Respir Care. 2026 Feb 3:19433654251405270. doi: 10.1177/19433654251405270. Online ahead of print.
ABSTRACT
BACKGROUND: Prone positioning is a recommended therapy for patients with moderate-to-severe ARDS; however, the optimal duration of this maneuver is still unknown.
METHODS: We performed a systematic review and meta-analysis comparing clinical outcomes of extended (≥24 h) versus traditional prone positioning (16-24 h) of adults with moderate-to-severe ARDS receiving invasive mechanical ventilation.

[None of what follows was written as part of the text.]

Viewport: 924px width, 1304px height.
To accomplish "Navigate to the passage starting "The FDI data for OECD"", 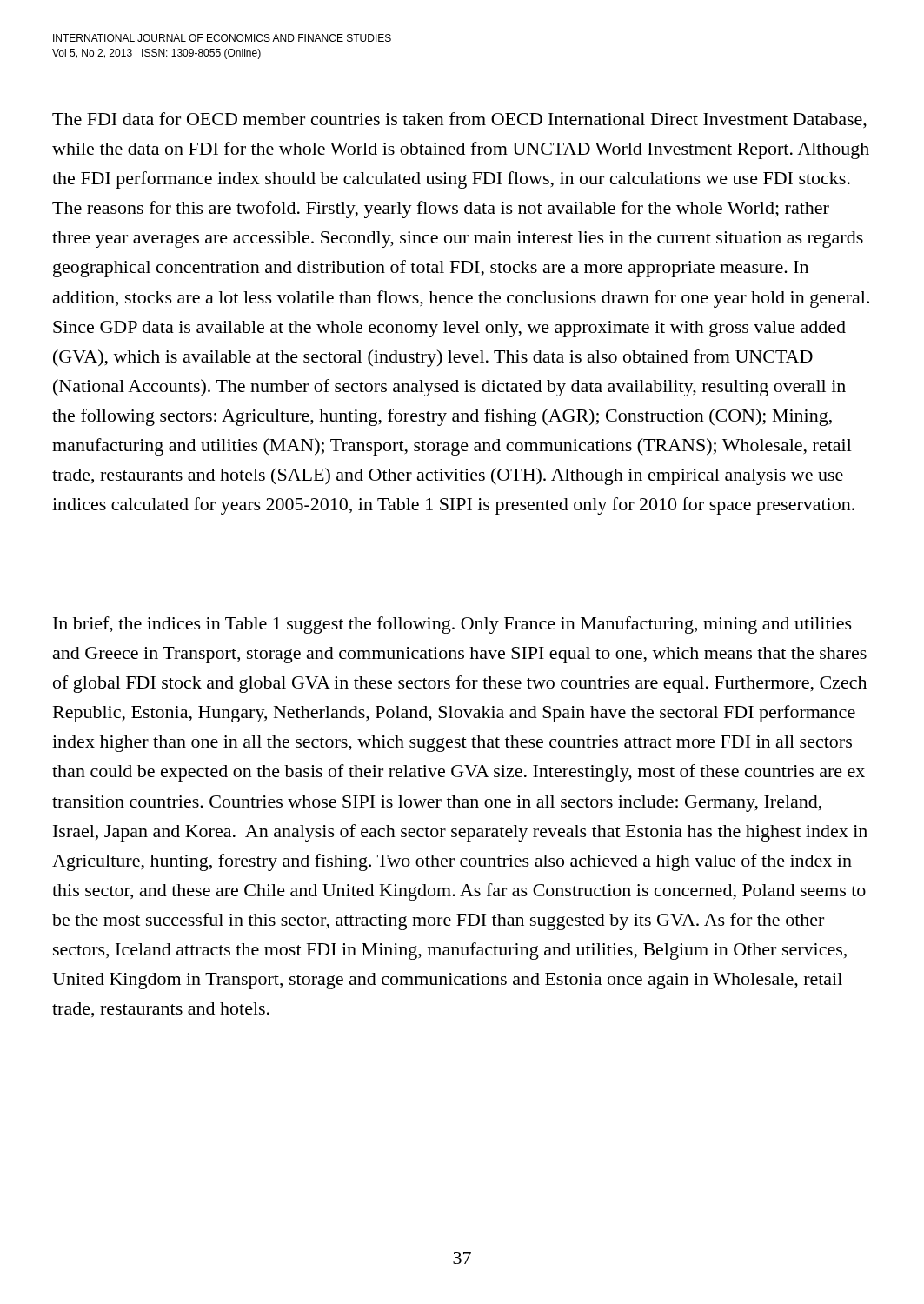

RESULTS: Ten studies involving 2,412 subjects met the inclusion criteria, including one randomized controlled trial and 9 observational studies, all with COVID-19-related ARDS. Extended prone positioning was associated with reduced mortality compared with the traditional approach (risk ratio [RR]: 0.76, 95% CI 0.66-0.86, I2 = 12.8%). Sensitivity and subgroup analyses confirmed consistency across risk of bias, baseline PaO2/FiO2, and PEEP levels. No differences were found in duration of mechanical ventilation (mean difference [MD]: 2.43 days, 95% CI -1.06 to 5.92, I2 = 70%) or ICU stay (MD: 1.31 days, 95% CI -1.07 to 3.68, I2 = 55%). The extended strategy was associated with a higher incidence of pressure injuries (RR: 1.30, 95% CI 1.02-1.65, I2 = 56%) but no differences in device displacement or hemodynamic instability. Certainty of evidence was rated as low to very low.
CONCLUSIONS: Extended prone positioning was associated with reduced mortality in ARDS but increased risk of pressure injuries, without impact on ventilator duration or ICU stay. While this strategy appears feasible and potentially beneficial, further randomized trials are warranted to confirm its role in routine practice.
TRIAL REGISTRATION: PROSPERO no. CRD42024529311.